The housing above the perforated part and above the disk ideally has fitted thereto an outward-curved screen, preferably a fine gauge screen, for the function of filtering out large dirt particles in the water flow. This screen should be installed in the housing so as to permit easy removal, cleaning and repositioning.

The invention will now be described in detail having reference to the accompanying drawings in which:

FIG. 1 represents a front cross section view of the aerator, of the present invention;

FIG. 2 is the top view thereof, minus certain components;

FIG. 3 is a perspective view of two screens joined together; and

FIG. 4 is a cross-section view, similar to FIG. 1, showing the two screens of FIG. 3 installed in the housing.

FIG. 1 shows an aerator 1 having a cylindrical housing 2 with air slots 3, in the wall of the housing. A number of these air slots are distributed about the housing 2. Water flows through this housing 2 in FIG. 1 from top to bottom. On its lower end, the housing has a surrounding support part 4 oriented inwards, which supports the screen arrangement 5 that is inserted at assembly from the top of the housing 2. The screen arrangement 5 consists of two screens assembled in a lenticular arrangement. The upper or upstream screen 6 is curved upwards and the lower or downstream screen 7 is curved downwards. The peripheral edges of the screens 6 and 7 rest against each other in the housing 2. As may be observed from FIG. 1, the upper screen 6 is fine mesh and the lower screen 7 is coarse mesh. The screens are preferably produced from a metal wire and the diameter thereof in the coarse screen should be 0.5 mm. The coarse screen can have a mesh size of about 0.8 mm, while the diameter of the fine screen wire should be around 0.15 to 0.20 mm, with the fine screen having a mesh size of 0.1 to 0.2 mm.

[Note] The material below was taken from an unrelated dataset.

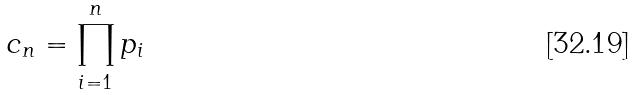<formula> <loc_0><loc_0><loc_500><loc_500>c _ { n } = \prod _ { i = 1 } ^ { n } p _ { i }</formula>

The upper part 8 the housing 2 is of a greater inside diameter than the lower part. Housing 2, in the area of the upper part 8 accepts a round cap-shaped part 9, having in its bottom wall 10, a number of holes 11. A spacer 12 projects down from wall 10 toward the screen arrangement 5 and contacts upper screen 6 of the arrangement 5.

The spacer 12 ensures that part 9 holds the screen arrangement 5 in its position in aerator 1. The upper suface of the bottom wall 10 of part 9 has ribs 13 radiating from its middle. The ribs 13 support relatively flexible disk 14 equipped with a central flow restricting aperture 15. This disk 14 rests on the ribs 13 and also on a circular shoulder 16 formed above wall 10 on part 9. Above disk 14 sits a fine screen 17 which is curved upstream. A flexible ring 18, held by part 9, prevents the screen 17 and the disk 14 from separating from part 9. FIG. 2 is a top view of the aerator shown in FIG. 1, minus ring 18 fine screen 17 and disk 14.

The screen arrangement 5' can consist of two screens 6', 7' assembled in a lenticular arrangement with the screens joined at their peripheral edges 23, 24 by a crosspiece 25 as shown in FIG. 3. The two screens 6', 7' joined by crosspiece 25 are first formed simultaneously with both screens 6', 7' curved or dished in the same direction. Screen 6' is then folded about crosspiece 25 to overlie screen 7' with their edges 23, 24 directly abutting. The screens 6', 7' form the lenticular screen arrangement 5' as shown in FIG. 4 with the upstream screen 6' dished in an upstream direction and with the downstream screen 7' dished in the downstream direction. The screens 6', 7' and crosspiece 25 have the same mesh size.